Le hasard. Chose formidable, inexplicable, implacable, heureuse et dangereuse. Deuxième rencontre avec Paul Thomas Anderson, après un premier essai réussi devant There Will Be Blood, de huit ans le cadet du film dont il est question aujourd'hui. C'est un peu le hasard qui m'a guidé vers le visionnage de Magnolia. Depuis quelques mois déjà, il sommeillait, attendait, et le jour d'un départ pour un trajet de train de plus de trois heures, le choix s'est fait de lui-même, sur un élan d'impulsion, peut-être de hasard ou simplement par un coup du destin, deux notions au cœur du film de Paul Thomas Anderson.
Au fil de mes aventures cinématographiques, j’ai eu l’occasion de voyager à travers le temps, découvrir des mondes fantastiques, vivre des histoires formidables et exceptionnelles. Mais ce que j’ai compris avant tout, c’est que ce qui est le plus dur à filmer et à retranscrire à l’écran, c’est la vérité, l’authenticité, ce qu’il y a de plus brut chez l’humain. Et souvent, cela force à être relativement exigeant envers le spectateur. Magnolia est de ces films, un drame choral qui s’étend sur trois heures, une durée qui pourrait faire fuir plus d’un, et on ne leur en voudrait pas spécialement, bien qu’on ne puisse pas non plus douter du fait qu’ils ratent ici quelque chose d’important.

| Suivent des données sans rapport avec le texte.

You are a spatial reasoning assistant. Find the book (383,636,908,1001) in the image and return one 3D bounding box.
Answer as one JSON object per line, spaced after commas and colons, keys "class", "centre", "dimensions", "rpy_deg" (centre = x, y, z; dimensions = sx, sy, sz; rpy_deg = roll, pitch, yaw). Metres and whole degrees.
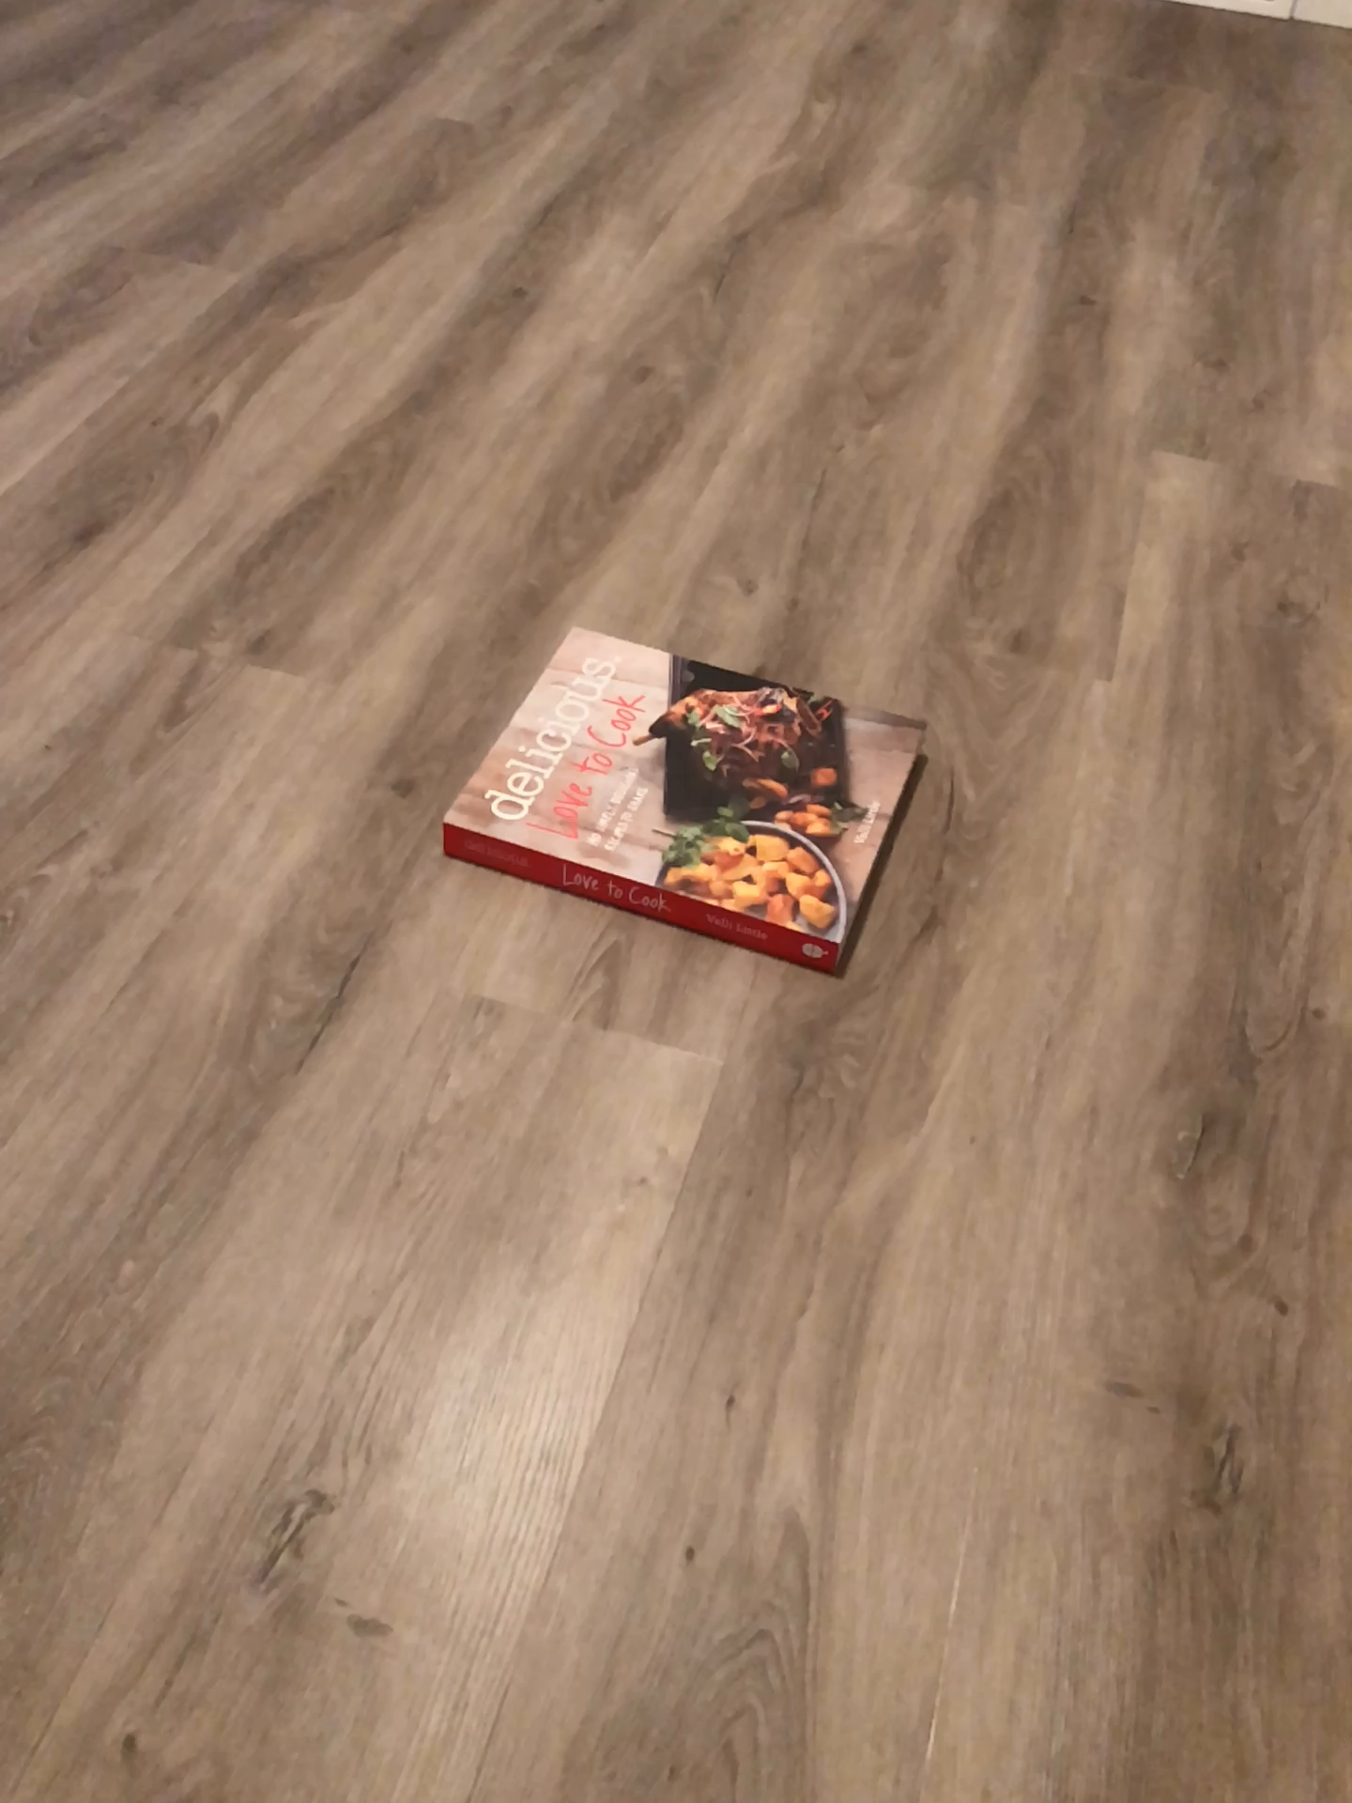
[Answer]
{"class": "book", "centre": [-0.014, -0.067, 1.006], "dimensions": [0.290, 0.030, 0.222], "rpy_deg": [17, 50, 12]}

Avec une introduction tout à fait déconcertante et étonnante, le film fait du hasard et du destin ses thématiques principales pour confronter l’existence de différents personnages parfois familiers entre eux, parfois pas, lesquels se retrouvent tous liés entre eux malgré eux. Les vies commencent, s’écoulent, se terminent, les egos parlent, les cœurs se brisent, les jeux de faux-semblants vont bon train dans une vaste mascarade humaine aux allures de spectacle pathétique où jamais l’être humain n’a semblé aussi fragile. Chacun se veut maître de son destin, chacun vit tant bien que mal avec son passé, rumine sa colère, se noie dans ses regrets, se lamente sur son présent, obscurcit son futur… Magnolia est un film qui fragilise ses héros pour les montrer sous leur vraie nature et faire prendre conscience fait que le destin n’est pas qu’une simple fatalité, que notre passé nous suit, qu’il n’existe pas de futur sans passé.
Car dans Magnolia, il est surtout question de rupture. C’est la rupture avec le vieux monde, de nombreux souvenirs, de vieilles souffrances et de vieux regrets incarnés par le vieil Earl Partridge, pièce centrale de ce puzzle humain. Les langues se délient, les esprits s’échauffent et se libèrent pendant qu’une pluie battante s’abat sur la ville, suivie par une improbable averse de grenouilles. Dans une imagerie très biblique qui rappelle le Déluge et les Plaies d’Egypte, Magnolia trouve un dénouement à la fois heureux et désespéré, le symbole d’une libération doublée d’une mise en garde. Ces éléments représentent également la fin d’un monde et le début d’un nouveau, une éclaircie après une tempête qui vient achever de longs jours sombres et moroses.
Résumer Magnolia serait parfaitement vain et inutile. Drame fleuve et puissant sur les êtres humains, il torture ses héros pour ouvrir les consciences et éclairer. Porté par des acteurs tous en état de grâce, il est à la fois imposant et intimiste, ne semblant jamais s’éterniser, allant crescendo, capable de rendre l’être humain abject mais aussi touchant et attachant. C’est un film qui ne se veut ni totalement pessimiste ni totalement optimiste, c’est un drame vrai, dans lequel chacun trouvera ses propres lectures et ses propres leçons à retenir. Un film qui restera toujours dans un coin de la tête et ne finira jamais de nous faire réfléchir.